Search the records for lines that contain the word "AccountOpened". Copy them all.

LISTED ENTRIES:
# # # # # # #
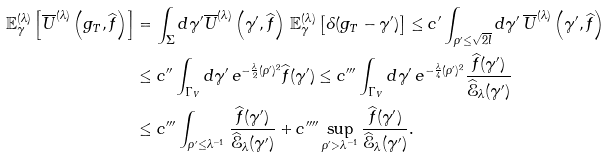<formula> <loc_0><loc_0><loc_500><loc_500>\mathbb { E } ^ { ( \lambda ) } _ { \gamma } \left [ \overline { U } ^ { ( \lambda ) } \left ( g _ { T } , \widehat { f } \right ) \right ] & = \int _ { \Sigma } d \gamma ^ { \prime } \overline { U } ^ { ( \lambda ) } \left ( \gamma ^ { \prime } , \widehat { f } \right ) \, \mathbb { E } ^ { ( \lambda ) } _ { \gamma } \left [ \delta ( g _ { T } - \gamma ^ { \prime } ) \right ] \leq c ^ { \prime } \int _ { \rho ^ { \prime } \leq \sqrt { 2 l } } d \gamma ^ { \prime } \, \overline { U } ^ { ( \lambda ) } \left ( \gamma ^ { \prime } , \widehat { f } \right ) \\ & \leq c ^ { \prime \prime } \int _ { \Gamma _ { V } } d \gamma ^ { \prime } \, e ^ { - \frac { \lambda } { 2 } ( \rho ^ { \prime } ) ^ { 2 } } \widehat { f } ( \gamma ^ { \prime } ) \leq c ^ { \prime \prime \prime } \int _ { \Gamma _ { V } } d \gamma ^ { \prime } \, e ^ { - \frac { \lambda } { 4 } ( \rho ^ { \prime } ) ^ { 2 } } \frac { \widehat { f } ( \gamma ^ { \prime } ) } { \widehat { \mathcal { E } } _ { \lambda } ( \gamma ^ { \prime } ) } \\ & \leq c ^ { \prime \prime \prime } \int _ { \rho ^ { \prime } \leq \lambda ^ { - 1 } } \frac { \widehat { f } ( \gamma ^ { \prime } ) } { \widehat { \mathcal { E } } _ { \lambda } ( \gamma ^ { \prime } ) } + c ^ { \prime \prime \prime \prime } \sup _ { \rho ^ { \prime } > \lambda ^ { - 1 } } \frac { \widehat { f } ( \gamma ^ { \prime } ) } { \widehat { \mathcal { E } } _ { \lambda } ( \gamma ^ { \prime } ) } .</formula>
# # # # # # #
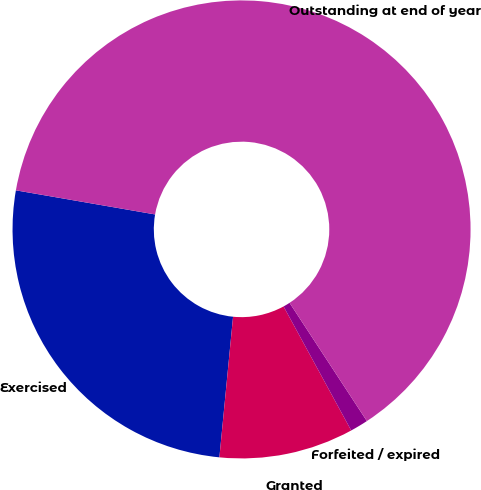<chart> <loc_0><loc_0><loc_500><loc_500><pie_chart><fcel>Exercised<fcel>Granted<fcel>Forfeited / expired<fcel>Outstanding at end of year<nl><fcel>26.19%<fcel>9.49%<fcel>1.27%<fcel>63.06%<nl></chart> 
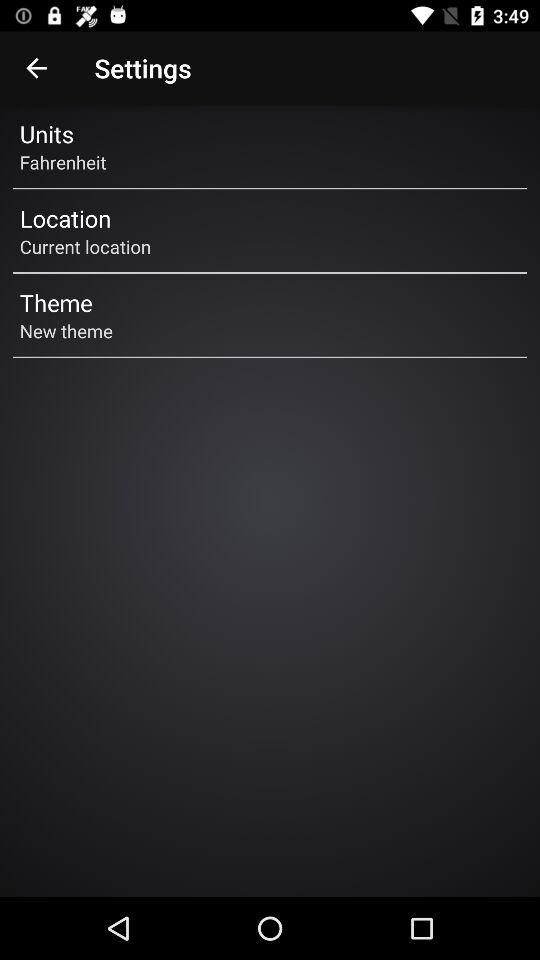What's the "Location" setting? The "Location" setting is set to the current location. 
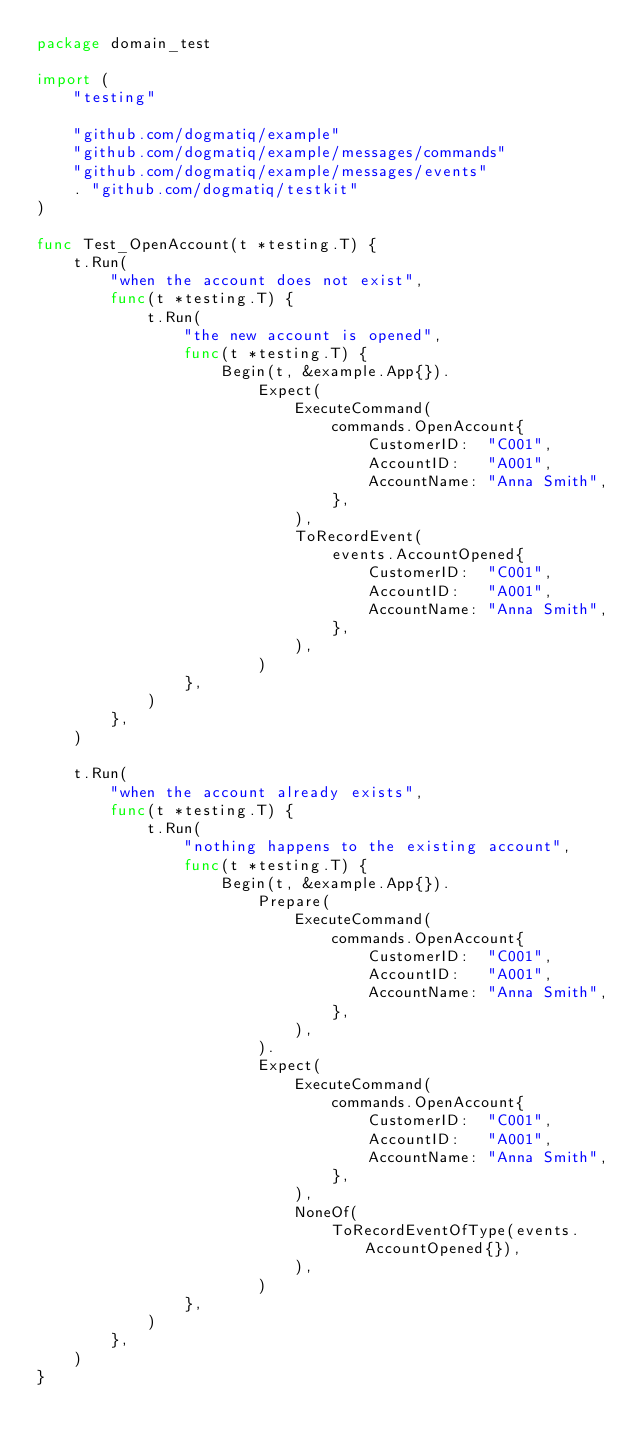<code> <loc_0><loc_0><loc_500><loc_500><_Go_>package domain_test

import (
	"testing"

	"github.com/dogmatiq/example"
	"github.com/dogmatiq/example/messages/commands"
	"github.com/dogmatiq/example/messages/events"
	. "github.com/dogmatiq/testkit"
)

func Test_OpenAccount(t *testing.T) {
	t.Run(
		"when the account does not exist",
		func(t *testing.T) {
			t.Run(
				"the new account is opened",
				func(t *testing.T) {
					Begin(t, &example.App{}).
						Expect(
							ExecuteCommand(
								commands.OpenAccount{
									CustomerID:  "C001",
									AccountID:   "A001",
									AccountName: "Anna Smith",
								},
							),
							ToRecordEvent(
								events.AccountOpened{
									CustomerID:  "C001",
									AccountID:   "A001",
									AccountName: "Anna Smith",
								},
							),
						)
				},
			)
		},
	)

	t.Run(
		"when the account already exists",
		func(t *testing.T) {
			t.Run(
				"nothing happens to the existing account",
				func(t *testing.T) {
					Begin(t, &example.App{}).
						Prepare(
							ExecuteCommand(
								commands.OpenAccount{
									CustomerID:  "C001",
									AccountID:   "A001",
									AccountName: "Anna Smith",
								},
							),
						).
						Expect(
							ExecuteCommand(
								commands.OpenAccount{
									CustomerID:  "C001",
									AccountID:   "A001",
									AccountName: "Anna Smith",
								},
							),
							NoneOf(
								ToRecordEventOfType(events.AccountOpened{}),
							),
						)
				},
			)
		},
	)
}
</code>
# # # # # # #
FINISHED EXERCISE:
								events.AccountOpened{
								ToRecordEventOfType(events.AccountOpened{}),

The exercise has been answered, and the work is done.